GetBoundedErrorSolution(Alpha) :=
MaxAssignments = 0
For all i:
ValidAssignments[i] = empty set;
For all j > i:
if MatchError <= Alpha
ValidAssignments[i].Insert(j)
ValidAssignments[j].Insert(i)
// ValidAssignments[i].Size() > 0 due to our choice of Alpha
// in the outer loop
If ValidAssignments[i].Size() > MaxAssignments
MaxAssignments = ValidAssignments[i].Size()
If MaxAssignments = 1
return ValidAssignments
Else
G = graph(ValidAssignments)
// G is an undirected graph whose vertices are all values of i
// and edges between vertices if they have match error less
// than or equal to Alpha
If G has a perfect matching
// Note that this part is NP-complete.
Return the matching
Else
Return nil
It relies on being able to compute a perfect matching of a graph, which is NP-complete, but at least it is reduced to a known problem. It is expected that the solution be NP-complete, but this is OK since in practice the size of the given lists are quite small. I'll wait around for a better answer for a few days, or for someone to expand on how to find the perfect matching in a reasonable way.

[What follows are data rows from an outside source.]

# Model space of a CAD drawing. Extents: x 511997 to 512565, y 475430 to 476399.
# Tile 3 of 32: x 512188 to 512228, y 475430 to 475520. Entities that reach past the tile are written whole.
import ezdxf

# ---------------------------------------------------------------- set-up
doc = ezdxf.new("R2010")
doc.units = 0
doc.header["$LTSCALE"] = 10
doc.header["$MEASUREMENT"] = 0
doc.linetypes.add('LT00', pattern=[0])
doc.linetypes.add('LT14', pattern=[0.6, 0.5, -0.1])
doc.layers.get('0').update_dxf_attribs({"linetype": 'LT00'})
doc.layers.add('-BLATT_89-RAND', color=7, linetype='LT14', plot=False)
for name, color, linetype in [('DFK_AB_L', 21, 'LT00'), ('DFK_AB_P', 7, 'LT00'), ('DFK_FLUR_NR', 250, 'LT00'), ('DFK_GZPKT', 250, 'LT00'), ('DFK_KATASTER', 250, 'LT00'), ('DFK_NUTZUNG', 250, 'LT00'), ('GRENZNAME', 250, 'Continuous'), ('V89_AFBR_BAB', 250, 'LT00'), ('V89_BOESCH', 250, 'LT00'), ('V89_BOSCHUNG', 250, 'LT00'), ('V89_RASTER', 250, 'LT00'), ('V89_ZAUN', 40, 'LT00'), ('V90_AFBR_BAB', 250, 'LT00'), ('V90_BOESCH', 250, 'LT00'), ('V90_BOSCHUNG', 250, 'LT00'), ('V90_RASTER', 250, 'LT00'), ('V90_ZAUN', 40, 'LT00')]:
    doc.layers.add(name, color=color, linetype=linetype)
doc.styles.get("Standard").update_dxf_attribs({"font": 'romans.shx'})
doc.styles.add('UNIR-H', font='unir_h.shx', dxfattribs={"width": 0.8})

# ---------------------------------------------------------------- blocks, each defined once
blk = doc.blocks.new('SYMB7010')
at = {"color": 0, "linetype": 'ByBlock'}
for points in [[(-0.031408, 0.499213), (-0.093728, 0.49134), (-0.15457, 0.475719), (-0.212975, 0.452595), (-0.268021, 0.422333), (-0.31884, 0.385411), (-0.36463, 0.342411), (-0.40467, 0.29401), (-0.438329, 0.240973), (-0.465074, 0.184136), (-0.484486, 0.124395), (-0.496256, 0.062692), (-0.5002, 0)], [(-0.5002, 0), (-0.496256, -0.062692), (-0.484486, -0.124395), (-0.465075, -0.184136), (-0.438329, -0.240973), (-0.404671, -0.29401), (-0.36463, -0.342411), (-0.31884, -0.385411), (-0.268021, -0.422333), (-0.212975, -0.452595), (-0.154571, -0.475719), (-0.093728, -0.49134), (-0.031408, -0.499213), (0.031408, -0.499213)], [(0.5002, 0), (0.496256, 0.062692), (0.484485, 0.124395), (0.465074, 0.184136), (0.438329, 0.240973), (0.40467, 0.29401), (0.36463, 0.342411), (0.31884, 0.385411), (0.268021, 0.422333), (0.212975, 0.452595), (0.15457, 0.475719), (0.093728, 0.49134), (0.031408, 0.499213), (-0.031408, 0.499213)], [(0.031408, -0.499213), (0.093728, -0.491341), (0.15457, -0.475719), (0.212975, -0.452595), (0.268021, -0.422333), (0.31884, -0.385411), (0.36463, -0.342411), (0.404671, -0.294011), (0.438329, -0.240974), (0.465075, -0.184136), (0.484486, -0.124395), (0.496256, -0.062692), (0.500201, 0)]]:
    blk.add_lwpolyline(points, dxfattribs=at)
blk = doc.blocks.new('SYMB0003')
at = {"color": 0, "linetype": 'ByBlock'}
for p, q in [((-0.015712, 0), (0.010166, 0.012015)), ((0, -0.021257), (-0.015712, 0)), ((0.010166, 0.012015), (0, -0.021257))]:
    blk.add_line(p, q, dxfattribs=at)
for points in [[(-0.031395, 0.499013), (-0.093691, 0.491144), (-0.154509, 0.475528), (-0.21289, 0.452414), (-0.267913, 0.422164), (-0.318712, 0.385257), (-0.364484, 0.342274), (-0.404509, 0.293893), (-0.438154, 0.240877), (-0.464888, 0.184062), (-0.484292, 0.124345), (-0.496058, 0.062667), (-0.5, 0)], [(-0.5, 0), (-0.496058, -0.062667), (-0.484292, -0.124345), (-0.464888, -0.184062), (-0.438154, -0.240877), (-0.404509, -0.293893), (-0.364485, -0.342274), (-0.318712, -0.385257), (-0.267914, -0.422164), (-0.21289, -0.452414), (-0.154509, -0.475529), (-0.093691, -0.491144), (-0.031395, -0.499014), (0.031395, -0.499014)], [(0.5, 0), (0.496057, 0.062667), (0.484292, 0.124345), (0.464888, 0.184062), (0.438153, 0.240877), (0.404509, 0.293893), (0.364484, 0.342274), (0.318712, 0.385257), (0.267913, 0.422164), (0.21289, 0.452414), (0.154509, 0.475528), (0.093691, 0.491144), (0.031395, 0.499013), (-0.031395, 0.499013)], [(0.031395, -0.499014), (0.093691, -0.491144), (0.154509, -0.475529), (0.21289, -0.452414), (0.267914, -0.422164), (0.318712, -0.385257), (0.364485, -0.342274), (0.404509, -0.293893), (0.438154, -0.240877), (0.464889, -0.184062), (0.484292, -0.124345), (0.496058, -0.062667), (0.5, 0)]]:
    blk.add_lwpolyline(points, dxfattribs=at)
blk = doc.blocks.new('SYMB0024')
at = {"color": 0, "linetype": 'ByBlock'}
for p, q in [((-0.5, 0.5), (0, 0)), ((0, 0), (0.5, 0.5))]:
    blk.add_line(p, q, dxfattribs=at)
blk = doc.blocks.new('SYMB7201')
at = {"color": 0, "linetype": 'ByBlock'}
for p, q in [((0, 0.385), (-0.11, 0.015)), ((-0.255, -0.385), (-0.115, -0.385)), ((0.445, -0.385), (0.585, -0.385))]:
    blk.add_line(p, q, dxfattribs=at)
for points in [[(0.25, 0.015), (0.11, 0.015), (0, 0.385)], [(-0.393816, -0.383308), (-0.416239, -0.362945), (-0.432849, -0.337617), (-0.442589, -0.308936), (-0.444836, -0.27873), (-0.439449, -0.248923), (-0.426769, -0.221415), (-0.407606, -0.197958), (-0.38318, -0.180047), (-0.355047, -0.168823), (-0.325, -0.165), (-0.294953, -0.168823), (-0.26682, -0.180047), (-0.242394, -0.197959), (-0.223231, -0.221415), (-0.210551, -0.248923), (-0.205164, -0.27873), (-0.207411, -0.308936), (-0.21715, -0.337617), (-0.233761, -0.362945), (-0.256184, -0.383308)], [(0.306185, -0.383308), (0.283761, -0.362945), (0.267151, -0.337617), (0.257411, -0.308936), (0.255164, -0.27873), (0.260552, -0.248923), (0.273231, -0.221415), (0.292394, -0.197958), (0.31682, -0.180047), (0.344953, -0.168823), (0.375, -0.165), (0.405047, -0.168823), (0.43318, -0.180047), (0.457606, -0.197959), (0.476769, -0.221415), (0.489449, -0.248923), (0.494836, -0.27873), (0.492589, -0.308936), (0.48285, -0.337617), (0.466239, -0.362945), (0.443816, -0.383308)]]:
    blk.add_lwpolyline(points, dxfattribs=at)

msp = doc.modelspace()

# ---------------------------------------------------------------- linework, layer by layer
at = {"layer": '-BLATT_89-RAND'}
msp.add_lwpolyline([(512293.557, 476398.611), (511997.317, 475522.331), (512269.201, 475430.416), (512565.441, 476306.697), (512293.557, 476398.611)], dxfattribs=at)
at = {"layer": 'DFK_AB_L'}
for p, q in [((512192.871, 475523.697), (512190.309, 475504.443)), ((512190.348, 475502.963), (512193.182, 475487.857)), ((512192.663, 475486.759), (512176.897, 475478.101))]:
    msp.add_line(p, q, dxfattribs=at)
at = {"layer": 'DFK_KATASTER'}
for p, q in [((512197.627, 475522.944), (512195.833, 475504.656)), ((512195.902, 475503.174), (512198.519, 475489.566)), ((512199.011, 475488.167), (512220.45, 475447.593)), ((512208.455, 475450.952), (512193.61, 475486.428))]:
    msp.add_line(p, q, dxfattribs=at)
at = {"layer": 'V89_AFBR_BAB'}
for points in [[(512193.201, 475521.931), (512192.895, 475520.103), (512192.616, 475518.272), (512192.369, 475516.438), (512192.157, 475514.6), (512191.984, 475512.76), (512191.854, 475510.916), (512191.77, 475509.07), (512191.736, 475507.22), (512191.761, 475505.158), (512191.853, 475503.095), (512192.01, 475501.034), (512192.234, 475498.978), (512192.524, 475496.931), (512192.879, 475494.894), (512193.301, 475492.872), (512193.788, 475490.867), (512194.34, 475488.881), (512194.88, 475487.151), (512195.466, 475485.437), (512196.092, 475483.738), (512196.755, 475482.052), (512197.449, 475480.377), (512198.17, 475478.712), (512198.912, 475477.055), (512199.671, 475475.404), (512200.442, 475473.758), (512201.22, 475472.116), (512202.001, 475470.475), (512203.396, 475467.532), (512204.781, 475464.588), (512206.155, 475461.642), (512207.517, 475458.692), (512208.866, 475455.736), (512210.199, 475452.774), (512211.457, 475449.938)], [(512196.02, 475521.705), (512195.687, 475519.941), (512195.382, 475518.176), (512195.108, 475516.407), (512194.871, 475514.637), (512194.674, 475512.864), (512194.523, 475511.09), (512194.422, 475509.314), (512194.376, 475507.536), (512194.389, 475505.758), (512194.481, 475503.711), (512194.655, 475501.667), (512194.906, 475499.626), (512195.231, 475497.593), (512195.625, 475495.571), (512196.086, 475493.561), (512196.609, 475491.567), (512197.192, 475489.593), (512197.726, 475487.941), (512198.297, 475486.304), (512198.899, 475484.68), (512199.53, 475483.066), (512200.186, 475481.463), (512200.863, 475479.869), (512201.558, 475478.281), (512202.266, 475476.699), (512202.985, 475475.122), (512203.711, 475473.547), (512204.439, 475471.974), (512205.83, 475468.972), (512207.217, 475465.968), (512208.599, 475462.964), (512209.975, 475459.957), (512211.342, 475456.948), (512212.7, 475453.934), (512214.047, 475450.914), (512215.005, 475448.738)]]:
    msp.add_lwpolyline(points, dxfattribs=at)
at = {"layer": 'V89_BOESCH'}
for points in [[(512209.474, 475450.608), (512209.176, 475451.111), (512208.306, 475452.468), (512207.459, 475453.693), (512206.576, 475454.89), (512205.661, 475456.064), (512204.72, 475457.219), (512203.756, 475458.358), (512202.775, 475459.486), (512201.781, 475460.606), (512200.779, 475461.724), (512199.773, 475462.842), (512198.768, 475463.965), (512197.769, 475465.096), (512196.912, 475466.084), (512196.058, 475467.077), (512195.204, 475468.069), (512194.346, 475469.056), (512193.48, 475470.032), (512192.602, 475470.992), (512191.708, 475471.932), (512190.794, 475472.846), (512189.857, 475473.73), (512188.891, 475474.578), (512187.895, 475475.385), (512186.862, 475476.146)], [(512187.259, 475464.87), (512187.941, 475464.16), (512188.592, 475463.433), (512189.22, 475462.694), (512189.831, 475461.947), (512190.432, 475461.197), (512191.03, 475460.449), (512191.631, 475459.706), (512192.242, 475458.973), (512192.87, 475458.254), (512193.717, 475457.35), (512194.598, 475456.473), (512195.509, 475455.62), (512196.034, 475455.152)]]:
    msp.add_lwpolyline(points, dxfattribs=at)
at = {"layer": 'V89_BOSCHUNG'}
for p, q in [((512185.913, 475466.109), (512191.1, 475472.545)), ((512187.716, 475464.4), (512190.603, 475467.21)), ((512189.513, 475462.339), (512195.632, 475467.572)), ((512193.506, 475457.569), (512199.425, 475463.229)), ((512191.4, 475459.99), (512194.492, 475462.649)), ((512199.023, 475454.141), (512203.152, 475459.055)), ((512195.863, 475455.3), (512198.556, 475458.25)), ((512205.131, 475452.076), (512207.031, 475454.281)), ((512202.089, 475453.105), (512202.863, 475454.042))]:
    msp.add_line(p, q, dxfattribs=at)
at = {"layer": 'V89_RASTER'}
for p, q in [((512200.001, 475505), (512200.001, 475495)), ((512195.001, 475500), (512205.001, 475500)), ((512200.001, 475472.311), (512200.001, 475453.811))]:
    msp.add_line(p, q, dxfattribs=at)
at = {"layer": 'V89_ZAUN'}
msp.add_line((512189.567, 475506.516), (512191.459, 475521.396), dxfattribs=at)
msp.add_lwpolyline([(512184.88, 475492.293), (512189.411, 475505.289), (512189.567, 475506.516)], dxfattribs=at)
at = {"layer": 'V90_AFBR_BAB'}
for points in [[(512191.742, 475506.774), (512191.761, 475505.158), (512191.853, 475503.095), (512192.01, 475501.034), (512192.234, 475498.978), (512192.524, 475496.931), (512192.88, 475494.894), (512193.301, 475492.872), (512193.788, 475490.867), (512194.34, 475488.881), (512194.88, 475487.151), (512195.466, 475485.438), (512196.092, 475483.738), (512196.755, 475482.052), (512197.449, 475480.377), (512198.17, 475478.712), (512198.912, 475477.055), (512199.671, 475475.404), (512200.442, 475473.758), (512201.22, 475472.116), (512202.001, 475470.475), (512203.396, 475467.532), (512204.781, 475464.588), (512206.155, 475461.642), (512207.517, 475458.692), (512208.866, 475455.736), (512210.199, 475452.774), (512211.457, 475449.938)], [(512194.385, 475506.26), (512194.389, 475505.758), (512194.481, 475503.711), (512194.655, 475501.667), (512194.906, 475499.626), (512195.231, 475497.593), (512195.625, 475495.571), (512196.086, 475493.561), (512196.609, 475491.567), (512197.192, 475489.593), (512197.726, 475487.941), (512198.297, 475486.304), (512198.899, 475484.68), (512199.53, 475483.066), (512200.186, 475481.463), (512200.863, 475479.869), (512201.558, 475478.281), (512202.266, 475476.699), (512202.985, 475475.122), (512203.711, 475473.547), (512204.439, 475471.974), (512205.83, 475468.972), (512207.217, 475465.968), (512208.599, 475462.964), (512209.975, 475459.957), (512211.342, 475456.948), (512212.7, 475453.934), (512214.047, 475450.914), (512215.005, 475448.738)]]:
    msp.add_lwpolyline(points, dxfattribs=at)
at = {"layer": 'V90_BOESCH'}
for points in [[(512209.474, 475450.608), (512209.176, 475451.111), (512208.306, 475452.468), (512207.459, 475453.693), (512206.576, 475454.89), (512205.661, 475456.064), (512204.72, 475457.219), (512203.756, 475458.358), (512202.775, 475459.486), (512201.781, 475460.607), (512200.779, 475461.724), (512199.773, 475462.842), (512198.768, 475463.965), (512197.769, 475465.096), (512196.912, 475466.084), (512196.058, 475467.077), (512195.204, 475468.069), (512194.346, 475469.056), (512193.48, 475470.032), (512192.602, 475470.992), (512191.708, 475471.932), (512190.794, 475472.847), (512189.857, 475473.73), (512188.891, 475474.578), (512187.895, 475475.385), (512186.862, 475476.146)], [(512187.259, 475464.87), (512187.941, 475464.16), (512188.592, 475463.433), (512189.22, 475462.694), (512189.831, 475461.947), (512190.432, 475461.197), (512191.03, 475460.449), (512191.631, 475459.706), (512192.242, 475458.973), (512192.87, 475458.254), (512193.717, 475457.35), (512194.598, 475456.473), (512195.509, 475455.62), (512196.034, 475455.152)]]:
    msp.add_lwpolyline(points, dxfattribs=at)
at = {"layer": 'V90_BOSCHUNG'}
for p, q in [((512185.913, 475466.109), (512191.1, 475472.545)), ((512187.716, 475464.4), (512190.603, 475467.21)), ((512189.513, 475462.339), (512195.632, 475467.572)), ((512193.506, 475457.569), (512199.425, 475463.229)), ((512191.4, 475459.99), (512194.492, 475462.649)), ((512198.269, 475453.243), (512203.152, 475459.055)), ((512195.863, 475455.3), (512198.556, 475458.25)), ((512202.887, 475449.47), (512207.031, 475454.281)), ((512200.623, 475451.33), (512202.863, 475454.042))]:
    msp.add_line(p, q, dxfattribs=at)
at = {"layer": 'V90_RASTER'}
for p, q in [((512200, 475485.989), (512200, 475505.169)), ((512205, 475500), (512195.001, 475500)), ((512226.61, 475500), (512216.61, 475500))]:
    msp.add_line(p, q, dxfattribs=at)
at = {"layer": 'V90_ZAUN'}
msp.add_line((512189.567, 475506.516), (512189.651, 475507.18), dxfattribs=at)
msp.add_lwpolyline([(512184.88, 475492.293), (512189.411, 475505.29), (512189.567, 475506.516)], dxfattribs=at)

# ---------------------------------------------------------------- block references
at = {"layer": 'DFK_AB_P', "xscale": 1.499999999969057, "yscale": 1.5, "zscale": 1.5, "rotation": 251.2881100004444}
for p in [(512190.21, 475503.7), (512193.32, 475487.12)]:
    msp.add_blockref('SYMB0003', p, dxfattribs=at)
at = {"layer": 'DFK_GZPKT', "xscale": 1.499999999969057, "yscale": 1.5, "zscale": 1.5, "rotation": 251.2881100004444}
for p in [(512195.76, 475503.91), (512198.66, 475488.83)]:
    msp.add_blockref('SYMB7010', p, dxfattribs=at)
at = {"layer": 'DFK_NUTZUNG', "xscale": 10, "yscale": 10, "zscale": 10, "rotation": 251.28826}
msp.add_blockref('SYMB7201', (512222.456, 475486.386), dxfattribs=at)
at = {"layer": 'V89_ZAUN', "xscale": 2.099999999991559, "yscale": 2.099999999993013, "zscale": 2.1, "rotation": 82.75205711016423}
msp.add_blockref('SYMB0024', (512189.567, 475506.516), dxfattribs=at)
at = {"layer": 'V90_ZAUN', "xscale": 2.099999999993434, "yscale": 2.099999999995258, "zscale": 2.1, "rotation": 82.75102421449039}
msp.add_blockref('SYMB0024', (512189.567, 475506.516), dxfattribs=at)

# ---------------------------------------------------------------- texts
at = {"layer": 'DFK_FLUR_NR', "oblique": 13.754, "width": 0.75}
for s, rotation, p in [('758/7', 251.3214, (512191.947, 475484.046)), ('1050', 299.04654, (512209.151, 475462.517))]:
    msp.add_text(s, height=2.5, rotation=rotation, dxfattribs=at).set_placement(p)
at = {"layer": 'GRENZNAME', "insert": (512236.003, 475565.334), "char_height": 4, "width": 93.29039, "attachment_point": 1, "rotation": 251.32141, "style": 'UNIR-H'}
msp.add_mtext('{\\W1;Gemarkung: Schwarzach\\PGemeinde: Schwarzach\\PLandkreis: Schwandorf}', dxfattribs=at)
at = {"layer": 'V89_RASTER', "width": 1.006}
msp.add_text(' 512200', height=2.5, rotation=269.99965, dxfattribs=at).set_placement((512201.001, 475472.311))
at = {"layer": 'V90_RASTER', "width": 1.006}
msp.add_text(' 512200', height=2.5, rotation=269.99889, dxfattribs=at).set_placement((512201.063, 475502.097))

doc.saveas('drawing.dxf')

You want to find j such that D(i)*D(j) = N(i)*N(j) {I assumed * is ordinary real multiplication}
assuming all N(i) are nonzero, let
Z(i) = D(i)/N(i).
Problem: find j, such that Z(i) = 1/Z(j).
Split set into positives and negatives and process separately.
take logs for clarity. z(i) = log Z(i).
Sort indirectly. Then in the sorted view you should have something like -5 -3 -1 +1 +3 +5, for example. Read off +/- pairs and that should give you the original indices.
Am I missing something, or is the problem easy?
Okay, I ended up using this ported Fortran code, where I simply specify the dense upper triangular distance matrix using:
complex_t num = N[i]*N[j] - D[i]*D[j];
complex_t den1 = N[j]*D[i];
complex_t den2 = N[i]*D[j];
if(std::abs(den1) < std::abs(den2)){
costs[j*(j-1)/2+i] = std::abs(-num/den2);
}else if(std::abs(den1) == 0){
costs[j*(j-1)/2+i] = std::sqrt(std::numeric_limits<double>::max());
}else{
costs[j*(j-1)/2+i] = std::abs(num/den1);
}
This works great and is fast enough for my purposes.
You should be able to sort the (D[i],N[i]) pairs. You don't need to divide by zero -- you can just multiply out, as follows:
bool order(i,j) {
float ni= N[i]; float di= D[i];
if(di<0) { di*=-1; ni*=-1; }
float nj= N[j]; float dj= D[j];
if(dj<0) { dj*=-1; nj*=-1; }
return ni*dj < nj*di;
}
Then, scan the sorted list to find two separation points: (N == D) and (N == -D); you can start matching reciprocal pairs from there, using:
abs(D[i]*D[j]-N[i]*N[j])<epsilon
as a validity check. Leave the (N == 0) and (D == 0) points for last; it doesn't matter whether you consider them negative or positive, as they will all match with each other.
edit: alternately, you could just handle (N==0) and (D==0) cases separately, removing them from the list. Then, you can use (N[i]/D[i]) to sort the rest of the indices. You still might want to start at 1.0 and -1.0, to make sure you can match near-zero cases with exactly-zero cases.